• _WHAT IS BEING ASKED_
Show, from the entries below, every line in which "none" appears.

• _THE DATA_
----

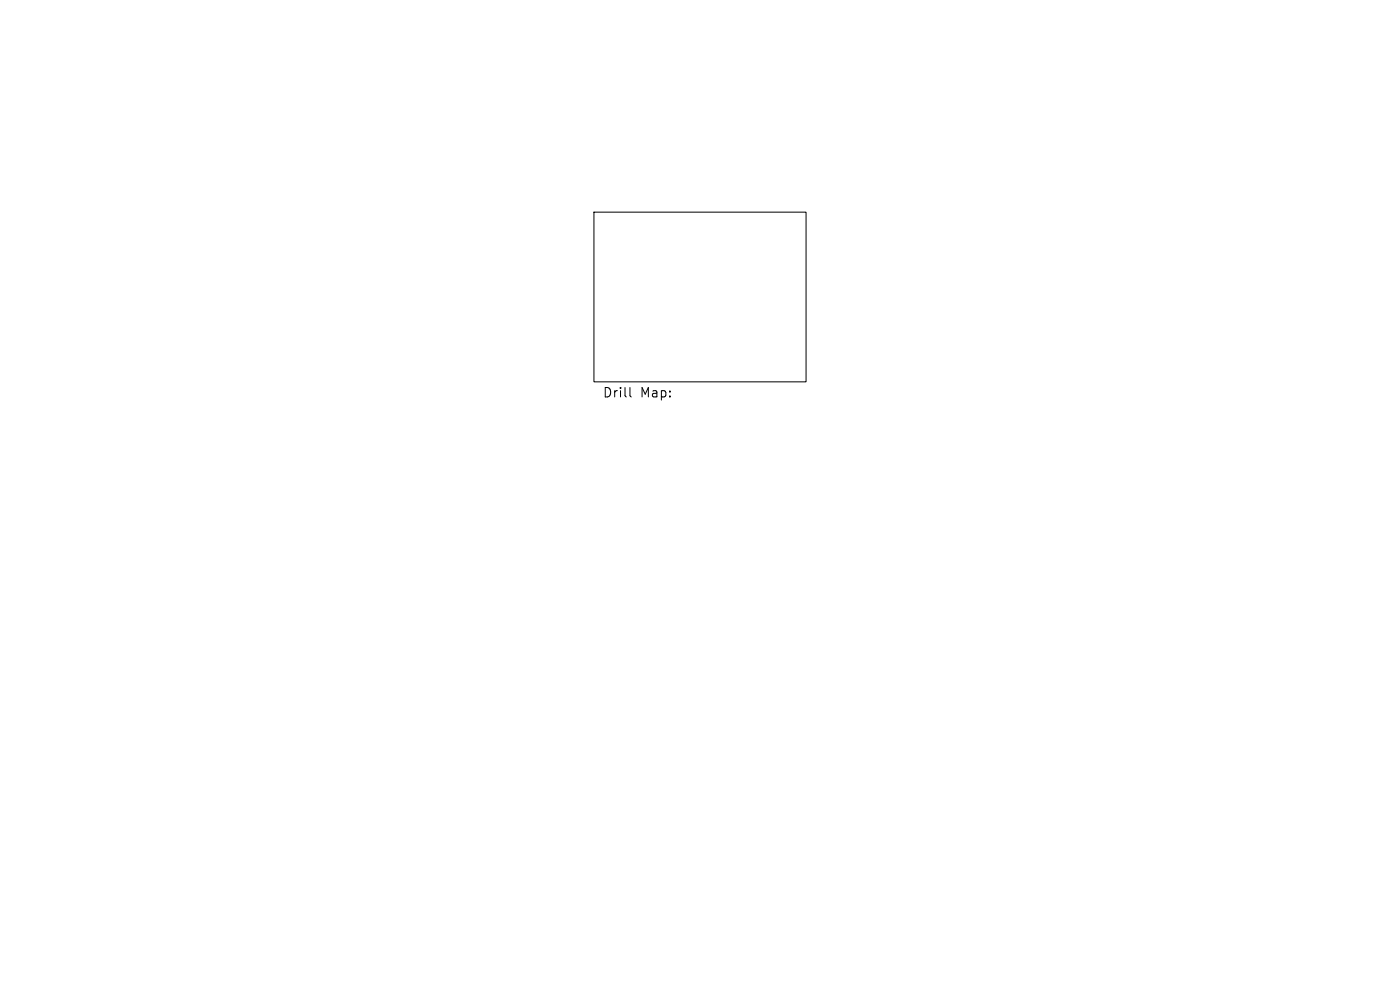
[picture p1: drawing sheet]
<svg xmlns="http://www.w3.org/2000/svg" width="297mm" height="210mm" viewBox="0 0 297 210" stroke-linecap="round" stroke-linejoin="round" font-family="sans-serif">
<defs><g id="words">
<g font-size="2.8">
<text x="127.9" y="84.5">Drill</text>
<text x="135.8" y="84.5">Map:</text>
</g>
</g></defs>
<path d="M126 45h45v36h-45zM133.6 82.2v1.7l.3 .3" fill="none" stroke="#000" stroke-width=".21"/>
<use href="#words"/>
</svg>
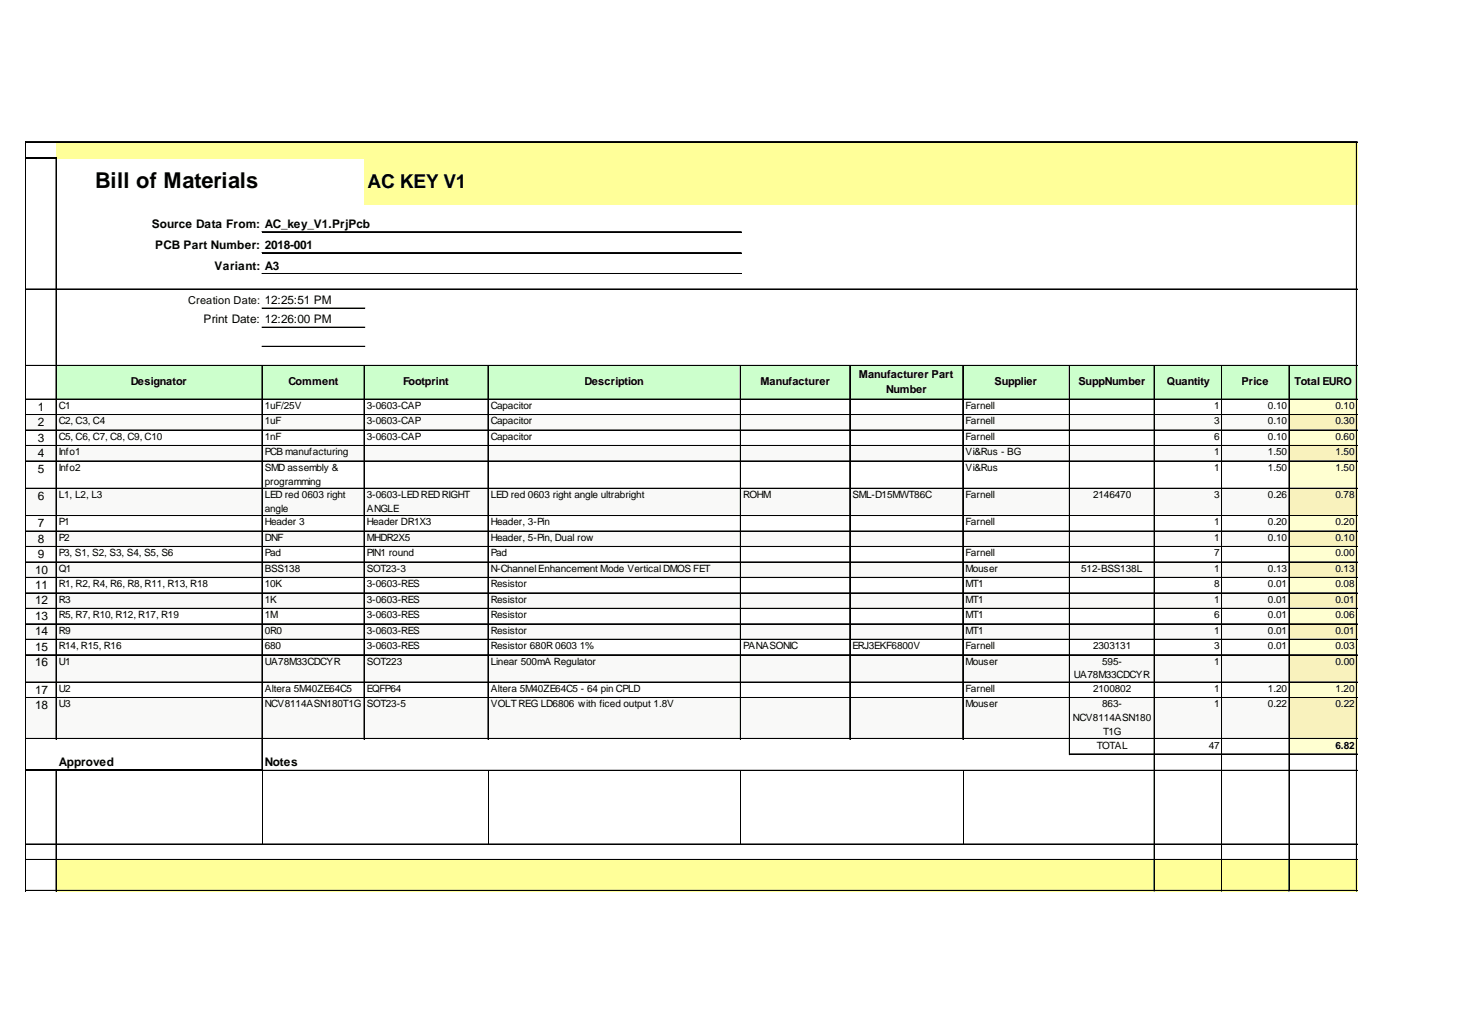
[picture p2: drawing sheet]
<svg xmlns="http://www.w3.org/2000/svg" width="297mm" height="210mm" viewBox="0 0 297 210" stroke-linecap="round" stroke-linejoin="round" font-family="sans-serif">
<defs><g id="words">
<text font-size="4.4" x="19.3" y="38.1">Bill of Materials</text>
<text font-size="3.9" x="74.6" y="38.2">AC KEY V1</text>
<g font-size="2.4">
<text x="30.8" y="46.2">Source Data From: AC_key_V1.PrjPcb</text>
<text x="31.5" y="50.5">PCB Part Number: 2018-001</text>
<text x="43.6" y="54.7">Variant: A3</text>
<text x="41.3" y="65.6">Print Date: 12:26:00 PM</text>
<text x="7.7" y="83.4">1</text>
<text x="7.7" y="86.5">2</text>
<text x="7.7" y="89.6">3</text>
<text x="7.7" y="92.8">4</text>
<text x="7.7" y="95.9">5</text>
<text x="7.7" y="101.5">6</text>
<text x="7.7" y="107">7</text>
<text x="7.7" y="110.1">8</text>
<text x="7.7" y="113.3">9</text>
<text x="7.1" y="116.4">10</text>
<text x="7.1" y="119.6">11</text>
<text x="7.1" y="122.7">12</text>
<text x="7.1" y="125.8">13</text>
<text x="7.1" y="129">14</text>
<text x="7.1" y="132.1">15</text>
<text x="7.1" y="135.3">16</text>
<text x="7.1" y="140.8">17</text>
<text x="7.1" y="143.9">18</text>
<text x="11.9" y="155.4">Approved</text>
<text x="53.7" y="155.4">Notes</text>
</g>
<g font-size="2.2">
<text x="38.2" y="61.8">Creation Date: 12:25:51 PM</text>
<text x="174.4" y="76.7">Manufacturer Part</text>
<text x="26.5" y="78.2">Designator</text>
<text x="58.5" y="78.2">Comment</text>
<text x="81.9" y="78.2">Footprint</text>
<text x="118.7" y="78.2">Description</text>
<text x="154.4" y="78.2">Manufacturer</text>
<text x="179.9" y="79.7">Number</text>
<text x="201.9" y="78.2">Supplier</text>
<text x="219" y="78.2">SuppNumber</text>
<text x="236.9" y="78.2">Quantity</text>
<text x="252.1" y="78.2">Price</text>
<text x="262.8" y="78.2">Total EURO</text>
</g>
<g font-size="2">
<text x="11.9" y="83">C1</text>
<text x="53.7" y="83">1uF/25V</text>
<text x="74.5" y="83">3-0603-CAP</text>
<text x="99.6" y="83">Capacitor</text>
<text x="196" y="83">Farnell</text>
<text x="246.5" y="83">1</text>
<text x="257.4" y="83">0.10</text>
<text x="271.1" y="83">0.10</text>
<text x="11.9" y="86.2">C2, C3, C4</text>
<text x="11.9" y="89.3">C5, C6, C7, C8, C9, C10</text>
<text x="53.7" y="86.2">1uF</text>
<text x="53.7" y="89.3">1nF</text>
<text x="74.5" y="86.2">3-0603-CAP</text>
<text x="74.5" y="89.3">3-0603-CAP</text>
<text x="99.6" y="86.2">Capacitor</text>
<text x="99.6" y="89.3">Capacitor</text>
<text x="196" y="86.2">Farnell</text>
<text x="196" y="89.3">Farnell</text>
<text x="246.5" y="86.2">3</text>
<text x="246.5" y="89.3">6</text>
<text x="257.4" y="86.2">0.10</text>
<text x="257.4" y="89.3">0.10</text>
<text x="271.1" y="86.2">0.30</text>
<text x="271.1" y="89.3">0.60</text>
<text x="11.9" y="92.5">Info1</text>
<text x="11.9" y="95.6">Info2</text>
<text x="53.7" y="92.5">PCB manufacturing</text>
<text x="53.7" y="95.6">SMD assembly &amp;</text>
<text x="196" y="92.5">Vi&amp;Rus - BG</text>
<text x="196" y="95.6">Vi&amp;Rus</text>
<text x="246.5" y="92.5">1</text>
<text x="246.5" y="95.6">1</text>
<text x="257.4" y="92.5">1.50</text>
<text x="257.4" y="95.6">1.50</text>
<text x="271.1" y="92.5">1.50</text>
<text x="271.1" y="95.6">1.50</text>
<text x="11.9" y="101.1">L1, L2, L3</text>
<text x="53.7" y="98.4">programming</text>
<text x="53.7" y="101.1">LED red 0603 right</text>
<text x="74.5" y="101.1">3-0603-LEDREDRIGHT</text>
<text x="99.6" y="101.1">LED red 0603 right angle ultrabright</text>
<text x="150.9" y="101.1">ROHM</text>
<text x="173.1" y="101.1">SML-D15MWT86C</text>
<text x="196" y="101.1">Farnell</text>
<text x="221.9" y="101.1">2146470</text>
<text x="246.5" y="101.1">3</text>
<text x="257.4" y="101.1">0.26</text>
<text x="271.1" y="101.1">0.78</text>
<text x="11.9" y="106.7">P1</text>
<text x="53.7" y="103.9">angle</text>
<text x="53.7" y="106.7">Header 3</text>
<text x="74.5" y="103.9">ANGLE</text>
<text x="74.5" y="106.7">Header DR1X3</text>
<text x="99.6" y="106.7">Header, 3-Pin</text>
<text x="196" y="106.7">Farnell</text>
<text x="246.5" y="106.7">1</text>
<text x="257.4" y="106.7">0.20</text>
<text x="271.1" y="106.7">0.20</text>
<text x="11.9" y="109.8">P2</text>
<text x="11.9" y="113">P3, S1, S2, S3, S4, S5, S6</text>
<text x="53.7" y="109.8">DNF</text>
<text x="53.7" y="113">Pad</text>
<text x="74.5" y="109.8">MHDR2X5</text>
<text x="74.5" y="113">PIN1 round</text>
<text x="99.6" y="109.8">Header, 5-Pin, Dual row</text>
<text x="99.6" y="113">Pad</text>
<text x="196" y="113">Farnell</text>
<text x="246.5" y="109.8">1</text>
<text x="246.5" y="113">7</text>
<text x="257.4" y="109.8">0.10</text>
<text x="271.1" y="109.8">0.10</text>
<text x="271.1" y="113">0.00</text>
<text x="11.9" y="116.1">Q1</text>
<text x="11.9" y="119.2">R1, R2, R4, R6, R8, R11, R13, R18</text>
<text x="53.7" y="116.1">BSS138</text>
<text x="53.7" y="119.2">10K</text>
<text x="74.5" y="116.1">SOT23-3</text>
<text x="74.5" y="119.2">3-0603-RES</text>
<text x="99.6" y="116.1">N-Channel Enhancement Mode Vertical DMOS FET</text>
<text x="99.6" y="119.2">Resistor</text>
<text x="196" y="116.1">Mouser</text>
<text x="196" y="119.2">MT1</text>
<text x="219.5" y="116.1">512-BSS138L</text>
<text x="246.5" y="116.1">1</text>
<text x="246.5" y="119.2">8</text>
<text x="257.4" y="116.1">0.13</text>
<text x="257.4" y="119.2">0.01</text>
<text x="271.1" y="116.1">0.13</text>
<text x="271.1" y="119.2">0.08</text>
<text x="11.9" y="122.4">R3</text>
<text x="11.9" y="125.5">R5, R7, R10, R12, R17, R19</text>
<text x="53.7" y="122.4">1K</text>
<text x="53.7" y="125.5">1M</text>
<text x="74.5" y="122.4">3-0603-RES</text>
<text x="74.5" y="125.5">3-0603-RES</text>
<text x="99.6" y="122.4">Resistor</text>
<text x="99.6" y="125.5">Resistor</text>
<text x="196" y="122.4">MT1</text>
<text x="196" y="125.5">MT1</text>
<text x="246.5" y="122.4">1</text>
<text x="246.5" y="125.5">6</text>
<text x="257.4" y="122.4">0.01</text>
<text x="257.4" y="125.5">0.01</text>
<text x="271.1" y="122.4">0.01</text>
<text x="271.1" y="125.5">0.06</text>
<text x="11.9" y="128.7">R9</text>
<text x="11.9" y="131.8">R14, R15, R16</text>
<text x="53.7" y="128.7">0R0</text>
<text x="53.7" y="131.8">680</text>
<text x="74.5" y="128.7">3-0603-RES</text>
<text x="74.5" y="131.8">3-0603-RES</text>
<text x="99.6" y="128.7">Resistor</text>
<text x="99.6" y="131.8">Resistor 680R 0603</text>
<text x="117.7" y="131.8">1%</text>
<text x="150.9" y="131.8">PANASONIC</text>
<text x="173.1" y="131.8">ERJ3EKF6800V</text>
<text x="196" y="128.7">MT1</text>
<text x="196" y="131.8">Farnell</text>
<text x="221.9" y="131.8">2303131</text>
<text x="246.5" y="128.7">1</text>
<text x="246.5" y="131.8">3</text>
<text x="257.4" y="128.7">0.01</text>
<text x="257.4" y="131.8">0.01</text>
<text x="271.1" y="128.7">0.01</text>
<text x="271.1" y="131.8">0.03</text>
<text x="11.9" y="134.9">U1</text>
<text x="53.7" y="134.9">UA78M33CDCYR</text>
<text x="74.5" y="134.9">SOT223</text>
<text x="99.6" y="134.9">Linear 500mA Regulator</text>
<text x="196" y="134.9">Mouser</text>
<text x="218" y="137.7">UA78M33CDCYR</text>
<text x="223.8" y="134.9">595-</text>
<text x="246.5" y="134.9">1</text>
<text x="271.1" y="134.9">0.00</text>
<text x="11.9" y="140.5">U2</text>
<text x="11.9" y="143.6">U3</text>
<text x="53.7" y="140.5">Altera 5M40ZE64C5</text>
<text x="53.7" y="143.6">NCV8114ASN180T1G</text>
<text x="74.5" y="140.5">EQFP64</text>
<text x="74.5" y="143.6">SOT23-5</text>
<text x="99.6" y="140.5">Altera 5M40ZE64C5 - 64 pin CPLD</text>
<text x="99.6" y="143.6">VOLTREG LD6806 with ficed output 1.8V</text>
<text x="196" y="140.5">Farnell</text>
<text x="196" y="143.6">Mouser</text>
<text x="221.9" y="140.5">2100802</text>
<text x="223.8" y="143.6">863-</text>
<text x="246.5" y="140.5">1</text>
<text x="246.5" y="143.6">1</text>
<text x="257.4" y="140.5">1.20</text>
<text x="257.4" y="143.6">0.22</text>
<text x="271.1" y="140.5">1.20</text>
<text x="271.1" y="143.6">0.22</text>
<text x="217.9" y="146.4">NCV8114ASN180</text>
<text x="224" y="149.2">T1G</text>
<text x="222.7" y="152.1">TOTAL</text>
<text x="245.4" y="152.1">47</text>
<text x="271.1" y="152.1">6.82</text>
</g>
</g></defs>
<g fill="#ff9">
<path d="M11.4 28.9h264.2v3.3h-264.2z"/>
<path d="M73.9 32.1h201.7v9.4h-201.7z"/>
</g>
<path d="M11.4 74.2h264.2v7h-264.2z" fill="#cfc"/>
<path d="M217.1 81h44.8v3.3h-44.8z" fill="#fff"/>
<path d="M261.7 81h13.9v3.3h-13.9z" fill="#ffffd1"/>
<path d="M5.2 84.1h256.7v3.4h-256.7z" fill="#f9f9f8"/>
<path d="M261.7 84.1h13.9v3.4h-13.9z" fill="#f9f2bd"/>
<path d="M217.1 87.3h44.8v3.3h-44.8z" fill="#fff"/>
<path d="M261.7 87.3h13.9v3.3h-13.9z" fill="#ffffd1"/>
<path d="M5.2 90.4h256.7v3.4h-256.7z" fill="#f9f9f8"/>
<path d="M261.7 90.4h13.9v3.4h-13.9z" fill="#f9f2bd"/>
<path d="M217.1 93.6h44.8v5.7h-44.8z" fill="#fff"/>
<path d="M261.7 93.6h13.9v5.7h-13.9z" fill="#ffffd1"/>
<path d="M5.2 99.1h256.7v5.7h-256.7z" fill="#f9f9f8"/>
<path d="M261.7 99.1h13.9v5.7h-13.9z" fill="#f9f2bd"/>
<path d="M217.1 104.6h44.8v3.4h-44.8z" fill="#fff"/>
<path d="M261.7 104.6h13.9v3.4h-13.9z" fill="#ffffd1"/>
<path d="M5.2 107.8h256.7v3.3h-256.7z" fill="#f9f9f8"/>
<path d="M261.7 107.8h13.9v3.3h-13.9z" fill="#f9f2bd"/>
<path d="M217.1 110.9h44.8v3.4h-44.8z" fill="#fff"/>
<path d="M261.7 110.9h13.9v3.4h-13.9z" fill="#ffffd1"/>
<path d="M5.2 114.1h256.7v3.3h-256.7z" fill="#f9f9f8"/>
<path d="M261.7 114.1h13.9v3.3h-13.9z" fill="#f9f2bd"/>
<path d="M217.1 117.2h44.8v3.3h-44.8z" fill="#fff"/>
<path d="M261.7 117.2h13.9v3.3h-13.9z" fill="#ffffd1"/>
<path d="M5.2 120.3h256.7v3.4h-256.7z" fill="#f9f9f8"/>
<path d="M261.7 120.3h13.9v3.4h-13.9z" fill="#f9f2bd"/>
<path d="M217.1 123.5h44.8v3.3h-44.8z" fill="#fff"/>
<path d="M261.7 123.5h13.9v3.3h-13.9z" fill="#ffffd1"/>
<path d="M5.2 126.6h256.7v3.4h-256.7z" fill="#f9f9f8"/>
<path d="M261.7 126.6h13.9v3.4h-13.9z" fill="#f9f2bd"/>
<path d="M217.1 129.8h44.8v3.3h-44.8z" fill="#fff"/>
<path d="M261.7 129.8h13.9v3.3h-13.9z" fill="#ffffd1"/>
<path d="M5.2 132.9h256.7v5.7h-256.7z" fill="#f9f9f8"/>
<path d="M261.7 132.9h13.9v5.7h-13.9z" fill="#f9f2bd"/>
<path d="M217.1 138.4h44.8v3.4h-44.8z" fill="#fff"/>
<path d="M261.7 138.4h13.9v3.4h-13.9z" fill="#ffffd1"/>
<path d="M5.2 141.6h256.7v8.5h-256.7z" fill="#f9f9f8"/>
<path d="M261.7 141.6h13.9v8.5h-13.9z" fill="#f9f2bd"/>
<path d="M217.1 149.9h44.8v3.3h-44.8z" fill="#fff"/>
<path d="M261.7 149.9h13.9v3.3h-13.9z" fill="#ffffd1"/>
<g fill="#ff9">
<path d="M11.4 174.5h264.2v3.3h-264.2z"/>
<path d="M11.4 177.6h264.2v3.3h-264.2z"/>
</g>
<g fill="none" stroke="#000" stroke-width=".2">
<path d="M5.1 28.7v3.2M5.1 32.2v124M5.2 28.7v3.2M5.2 32.2v124M5.3 28.7h270.3M5.3 28.8h270.3M11.4 32.2v117.9M11.5 32.2v117.9M275.4 28.9v152M275.5 28.9v152M5.3 58.7h270.3M5.3 58.8h270.3"/>
<path d="M53.2 47h97.3M53.2 47.1h97.3M53.2 51.3h97.3M53.2 51.4h97.3M53.2 55.5h97.3M53.2 55.6h97.3M5.3 74.2h270.3M5.3 74.3h270.3M53.2 74.4v81.8M53.2 62.5h20.9M53.2 62.6h20.9M53.2 66.4h20.9"/>
<path d="M53.2 66.5h20.9M53.2 70.3h20.9M53.2 70.4h20.9M53.3 74.4v81.8M73.9 74.4v75.7M74 74.4v75.7M99.1 74.4v75.7M99.2 74.4v75.7M150.3 74.4v75.7M150.4 74.4v75.7M172.5 74.4v75.7M172.6 74.4v75.7"/>
<path d="M195.5 74.4v75.7M195.6 74.4v75.7M217.1 74.4v78.8M217.2 74.4v78.8M234.3 74.4v106.5M234.4 74.4v106.5M248 74.4v106.5M248.1 74.4v106.5M261.7 74.4v106.5M261.8 74.4v106.5M5.3 81h270.3M5.3 81.1h270.3"/>
<path d="M5.3 84.1h270.3M5.3 84.2h270.3M5.3 87.3h270.3M5.3 87.4h270.3M5.3 90.4h270.3M5.3 90.5h270.3M5.3 93.6h270.3M5.3 93.7h270.3M5.3 99.1h270.3M5.3 99.2h270.3M5.3 104.6h270.3M5.3 104.7h270.3"/>
<path d="M5.3 107.8h270.3M5.3 107.9h270.3M5.3 110.9h270.3M5.3 111h270.3M5.3 114.1h270.3M5.3 114.2h270.3M5.3 117.2h270.3M5.3 117.3h270.3M5.3 120.3h270.3M5.3 120.4h270.3M5.3 123.5h270.3M5.3 123.6h270.3"/>
<path d="M5.3 126.6h270.3M5.3 126.7h270.3M5.3 129.8h270.3M5.3 129.9h270.3M5.3 132.9h270.3M5.3 133h270.3M5.3 138.4h270.3M5.3 138.5h270.3M5.1 156.5v24.4M5.2 156.5v24.4M5.3 141.6h270.3M5.3 141.7h270.3"/>
<path d="M5.3 149.9h270.3M5.3 150h270.3M11.4 156.5v24.4M11.5 156.5v24.4M53.3 156.5v14.8M53.4 156.4h222.2M53.4 156.5h222.2M99.2 156.5v14.8M150.4 156.5v14.8M195.6 156.5v14.8M217.3 153h58.3M217.3 153.1h58.3"/>
<path d="M5.3 171.3h270.3M5.3 171.4h270.3M5.3 174.5h270.3M5.3 174.6h270.3M5.3 180.7h270.3M5.3 180.8h270.3"/>
</g>
<path d="M5.1 32.1h6.5M5.1 156.4h48.3" fill="none" stroke="#000" stroke-width=".37"/>
<use href="#words"/>
</svg>

----

• _OUTPUT BELOW_
<path d="M126 45h45v36h-45zM133.6 82.2v1.7l.3 .3" fill="none" stroke="#000" stroke-width=".21"/>
<g fill="none" stroke="#000" stroke-width=".2">
<path d="M5.1 32.1h6.5M5.1 156.4h48.3" fill="none" stroke="#000" stroke-width=".37"/>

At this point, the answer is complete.